Dataset entries
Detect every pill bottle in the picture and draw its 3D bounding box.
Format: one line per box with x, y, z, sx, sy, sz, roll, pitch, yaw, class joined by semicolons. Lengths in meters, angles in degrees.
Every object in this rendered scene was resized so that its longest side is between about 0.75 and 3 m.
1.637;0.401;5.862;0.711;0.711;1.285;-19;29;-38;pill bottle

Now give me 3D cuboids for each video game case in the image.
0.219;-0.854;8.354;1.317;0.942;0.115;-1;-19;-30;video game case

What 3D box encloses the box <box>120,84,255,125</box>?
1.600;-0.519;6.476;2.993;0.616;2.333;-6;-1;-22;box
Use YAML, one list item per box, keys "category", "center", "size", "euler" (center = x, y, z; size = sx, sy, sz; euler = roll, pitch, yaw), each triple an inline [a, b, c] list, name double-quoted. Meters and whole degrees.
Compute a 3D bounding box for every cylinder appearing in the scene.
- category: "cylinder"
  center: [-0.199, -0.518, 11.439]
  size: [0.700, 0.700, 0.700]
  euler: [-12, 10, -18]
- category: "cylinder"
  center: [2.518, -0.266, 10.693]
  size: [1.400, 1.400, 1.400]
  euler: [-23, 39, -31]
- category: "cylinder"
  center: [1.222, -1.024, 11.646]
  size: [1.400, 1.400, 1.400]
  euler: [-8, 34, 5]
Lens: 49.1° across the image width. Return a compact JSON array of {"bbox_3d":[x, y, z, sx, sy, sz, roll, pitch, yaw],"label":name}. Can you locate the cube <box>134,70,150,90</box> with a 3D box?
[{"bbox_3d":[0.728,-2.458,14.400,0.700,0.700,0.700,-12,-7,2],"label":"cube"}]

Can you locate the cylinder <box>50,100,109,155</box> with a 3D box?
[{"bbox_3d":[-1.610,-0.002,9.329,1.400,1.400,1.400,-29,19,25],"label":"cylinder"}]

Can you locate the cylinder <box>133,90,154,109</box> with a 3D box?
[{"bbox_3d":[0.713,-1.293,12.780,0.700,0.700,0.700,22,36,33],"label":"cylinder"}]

* * *

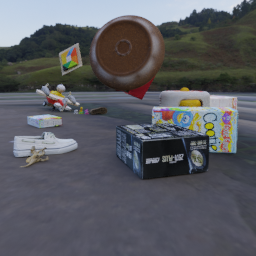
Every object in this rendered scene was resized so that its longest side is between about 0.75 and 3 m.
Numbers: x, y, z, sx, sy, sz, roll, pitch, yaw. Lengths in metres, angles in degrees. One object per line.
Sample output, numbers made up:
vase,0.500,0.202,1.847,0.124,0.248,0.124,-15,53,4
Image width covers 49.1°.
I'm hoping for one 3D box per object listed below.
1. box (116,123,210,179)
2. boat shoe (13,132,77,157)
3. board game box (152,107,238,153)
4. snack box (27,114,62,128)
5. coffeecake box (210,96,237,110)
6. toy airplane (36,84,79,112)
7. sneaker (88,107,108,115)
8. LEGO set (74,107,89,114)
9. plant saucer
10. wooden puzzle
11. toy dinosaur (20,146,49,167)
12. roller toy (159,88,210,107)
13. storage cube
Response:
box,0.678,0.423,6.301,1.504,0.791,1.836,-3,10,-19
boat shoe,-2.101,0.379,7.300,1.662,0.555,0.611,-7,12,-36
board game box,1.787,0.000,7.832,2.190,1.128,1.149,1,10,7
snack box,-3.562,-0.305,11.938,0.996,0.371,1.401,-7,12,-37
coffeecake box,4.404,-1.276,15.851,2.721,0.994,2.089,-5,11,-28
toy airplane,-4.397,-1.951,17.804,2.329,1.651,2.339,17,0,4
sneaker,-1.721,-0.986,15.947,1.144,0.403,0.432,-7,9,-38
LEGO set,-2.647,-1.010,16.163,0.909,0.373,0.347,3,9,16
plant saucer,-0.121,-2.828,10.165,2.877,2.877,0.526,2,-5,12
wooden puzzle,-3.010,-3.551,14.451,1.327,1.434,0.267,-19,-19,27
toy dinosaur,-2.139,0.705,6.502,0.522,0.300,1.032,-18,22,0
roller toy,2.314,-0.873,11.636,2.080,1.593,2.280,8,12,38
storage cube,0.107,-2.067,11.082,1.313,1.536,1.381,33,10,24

* * *

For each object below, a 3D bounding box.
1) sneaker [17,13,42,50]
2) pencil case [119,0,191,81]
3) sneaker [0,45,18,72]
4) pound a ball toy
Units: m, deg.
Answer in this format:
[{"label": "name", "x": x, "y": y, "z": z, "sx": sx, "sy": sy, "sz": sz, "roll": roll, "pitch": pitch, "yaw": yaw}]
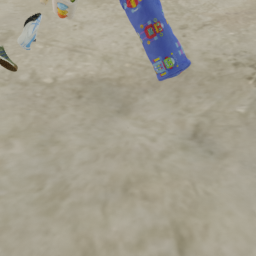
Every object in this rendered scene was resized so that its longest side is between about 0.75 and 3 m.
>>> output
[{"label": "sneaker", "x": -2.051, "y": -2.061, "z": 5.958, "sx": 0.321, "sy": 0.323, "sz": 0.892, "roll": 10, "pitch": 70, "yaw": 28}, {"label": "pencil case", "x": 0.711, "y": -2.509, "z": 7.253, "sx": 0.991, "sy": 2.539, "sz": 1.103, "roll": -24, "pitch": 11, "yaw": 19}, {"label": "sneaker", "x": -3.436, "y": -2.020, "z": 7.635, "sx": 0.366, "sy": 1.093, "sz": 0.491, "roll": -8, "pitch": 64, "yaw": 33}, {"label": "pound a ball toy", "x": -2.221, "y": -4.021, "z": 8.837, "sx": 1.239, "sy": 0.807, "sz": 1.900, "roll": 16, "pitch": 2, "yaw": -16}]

Task details
For this task, write out exactly the lines of the entries above, starting at the line with "8. LEGO set (74,107,89,114)" and ending at the line with "13. storage cube", both included, and no others.

Response to this exercise
8. LEGO set (74,107,89,114)
9. plant saucer
10. wooden puzzle
11. toy dinosaur (20,146,49,167)
12. roller toy (159,88,210,107)
13. storage cube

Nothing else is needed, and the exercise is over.